Comme je le disais plus haut, les intentions d’ensemble qui anime ce film sont honorables. Mais comment ne pas se taper la tête contre les murs en admirant la méthode quasi suicidaire qu’applique la réalisatrice pour s’assurer que toute la structure de son récit explose en vol le plus vite possible. La réalisation est abominable, mais c’est un détail qui aurait pu être passé sous silence si le fond du film avait eu les reins assez solides pour supporter cette absence. Que ce soit dans les personnages principaux ou secondaires, ou dans ce twist d’inverser absolument tous les codes de la société pour placer les femmes aux pouvoirs, rien ne fonctionne jamais. À force de vouloir grossir le trait, la réalisatrice développe la finesse d’un éléphant dans un magasin de porcelaine. Et là où un vrai travail d’écriture aurait suffit couplé a de la mise en scène à faire passer le même effet, Je ne suis pas un homme facile s’enfonce littéralement dans le grotesque. Ce qui au final finit par nuire à l’intention de départ de la réalisatrice. Desservant son propos du début à la fin et finissant par ne pas le faire évoluer plus haut que les idées à la con que l’on pourrait avoir sur le sujet. La vérité la plus basique est que parfois tous les courts-métrages à succès ne sont pas suffisants pour en tirer un film entier.
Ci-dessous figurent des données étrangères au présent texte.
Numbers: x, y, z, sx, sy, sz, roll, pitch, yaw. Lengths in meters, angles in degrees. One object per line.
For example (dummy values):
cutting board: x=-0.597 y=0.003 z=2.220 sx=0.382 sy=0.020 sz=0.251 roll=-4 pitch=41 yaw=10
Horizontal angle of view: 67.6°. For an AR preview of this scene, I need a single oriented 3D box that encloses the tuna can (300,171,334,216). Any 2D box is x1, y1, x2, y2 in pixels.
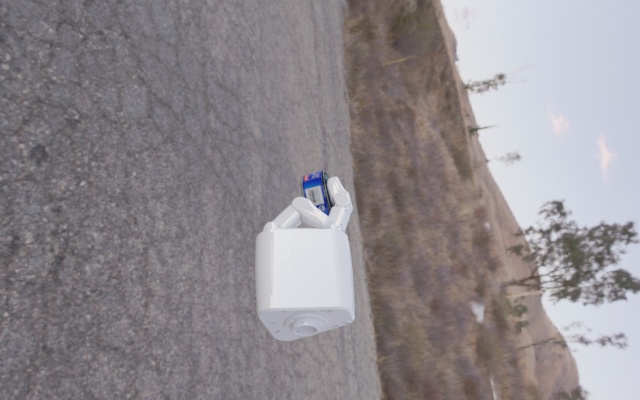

La réalisatrice brode, tire le trait, manque de se perdre dans l’immensité de ses ambitions et ne doit pas intermittence son salut qu’a Vincent Elbaz. Ce qui m’amène à son cas.

Tout comme Vincent Cassel, Vincent Elbaz possède un problème d’une simplicité basique : s’il n’a pas un vrai directeur d’acteur en face de lui, il s’engage dans du cabotinage et de la roue libre dont il ne revient jamais. C’est le cas ici. L’absence de direction et les dialogues pour le moins dramatique a plus d’un titre ne lui offre qu’une seule option en faire des caisses pour créer une diversion. Est-ce que cela marche ? Par instants oui, mais l’on rigole plus nerveusement que sincèrement. La nullité de l’ensemble a déjà fini de faire son travail de sape sur notre empathie. Et je ne parle pas de la pirouette narrative de la toute fin du film. Le genre de celle qui vous laisseront perplexe devant son profond aspect foutage de gueule ou son incohérence relative face à une quelconque forme de logique. En produisant Marseille pour la France, Netflix avait montré que l’idée même de faire de la qualité n’était pas l’intention première pour le marché Français. La quasi-absence de couverture médiatique pour Je ne suis pas un homme facile  enfonce encore un peu plus le clou concernant l’ensemble. Il faut occuper le terrain d’une manière ou d’un autre, produire du contenu et quel qu’en soit l’aspect final. C’est une bonne chose que le géant Netflix investisse de l’argent dans le 7e art Français, mais si la prochaine fois il pouvait juste vérifier les scénarios avant de lancer la chose en production, je pense que le public lui en serait reconnaissant. Car pour l’instant autant être honnête, Je ne suis pas un homme facile  est définitivement très mauvais, mal réalisé, mal écrit tuant dans l’oeuf une quelconque adhésion a son propos sur le fond. Un vrai coup d’épée dans l’eau. Dommage.